The first volume in
this series was a rather good version
of the Bliss
piano concerto. The Bliss is a leonine
monument to the composer’s love affair
with the romantic concerto and with
the inspiration of a great virtuoso
- in that case Moiseiwitsch. Donohoe
was well suited to that work and he
does equally well with the present mix.
The Gerhard is
the work of an émigré
to the UK; a refugee from Franco’s Spain.
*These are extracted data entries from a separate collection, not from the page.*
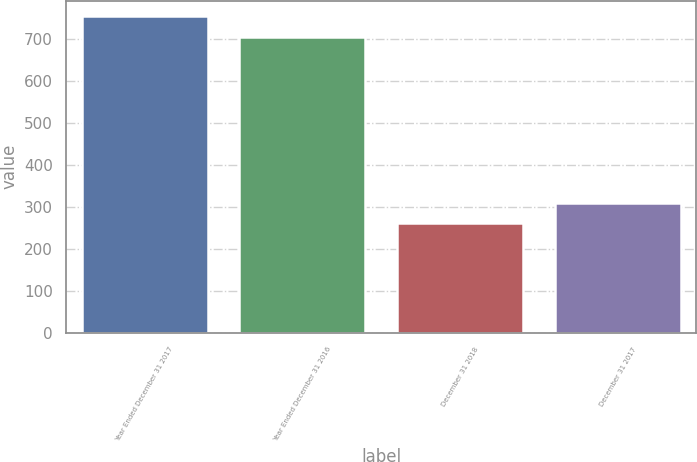Convert chart. <chart><loc_0><loc_0><loc_500><loc_500><bar_chart><fcel>Year Ended December 31 2017<fcel>Year Ended December 31 2016<fcel>December 31 2018<fcel>December 31 2017<nl><fcel>754.68<fcel>706.5<fcel>261<fcel>309.18<nl></chart> 
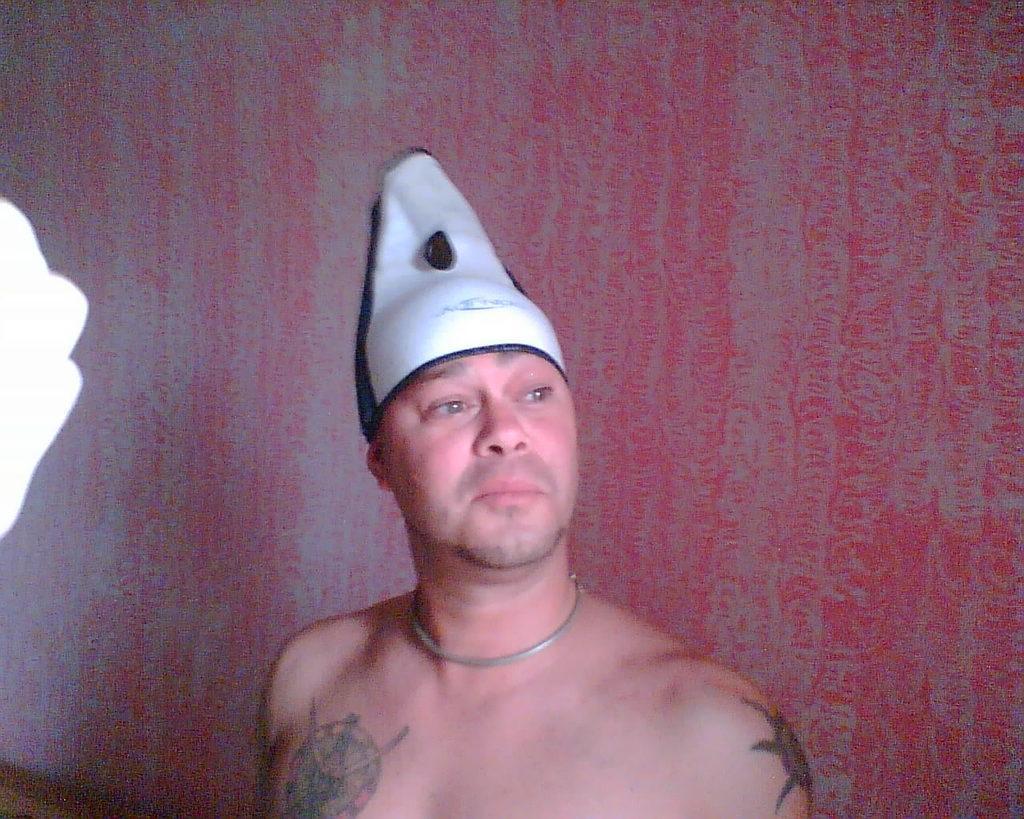Please provide a concise description of this image. In this image I can see a man and I can see he is wearing white colour cap. I can also see few tattoos on his body and in background I can see red colour. 
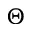<formula> <loc_0><loc_0><loc_500><loc_500>\Theta</formula>

It is the most dissonant and sombre
of the four works. The Diferencias
middle movement winds through a dark
land. The mood links with the most bleakly
disconsolate music by Shostakovich.
The composer’s Spanish voice rings true
and clear even if the waters have turned
grey and the shadows have lengthened.
Donohoe makes of this movement a statement
struck with foreboding: distilled and
potent. The finale makes murderous play
with Chabrier’s España.
The concerto was premiered at Aldeburgh
in 1951 by Mewton-Wood and Norman Del
Mar. It has not proved the most popular
of works and there have been very few
broadcasts. The last one I can trace
was by Angela Brownridge (soon to have
her three CD set of the piano works
of Kenneth Leighton issued on Delphian)
with the BBC Scottish Symphony Orchestra
conducted by Jonathan Del Mar in April
1982.
Alec
Rowley is usually thought of,
if at all, as a writer of didactic pieces
but in fact he wrote a small treasury
of concert works. If this concerto is
anything to go by his more serious pieces
should be thoroughly explored. It’s
a populist romantic piece which manages
to shake off most of the stock gestures.
Framing a pastoral Andante naif are
an emphatically romantic Allegro
ritmico which has that roseate nostalgic
glow familiar from Constant Lambert’s
Rio Grande and a final movement
Allegro burlesco. This recalls
the lively syncopated music from Walton’s
Sinfonia Concertante mixed with
Ireland’s eager freshness. Warwick Braithwaite
conducted the premiere which was given
by a BBC studio orchestra. The soloist
in 1938 was Franz Weitzmann.
Christian
Darnton’s three movement Concertino
seems to have been written with one
eye on Bach and another on the sardonic
Prokofiev who also haunts the finale.
The second movement catches the Shostakovich
chill presenting its argument with chiselled
clarity. The buzzing pizzicato and pecked
piano notes announce a grim Mussorgskian
joy. The work was once broadcast on
the BBC Third Programme played by Joseph
Cooper with the Kathleen Riddick conducting
her own orchestra.
Howard Ferguson
gave up writing music in the 1950s.
His Piano Concerto falls into that part
of his music that is more relaxed and
celebratory. The other work in that
category is his Overture for an Occasion.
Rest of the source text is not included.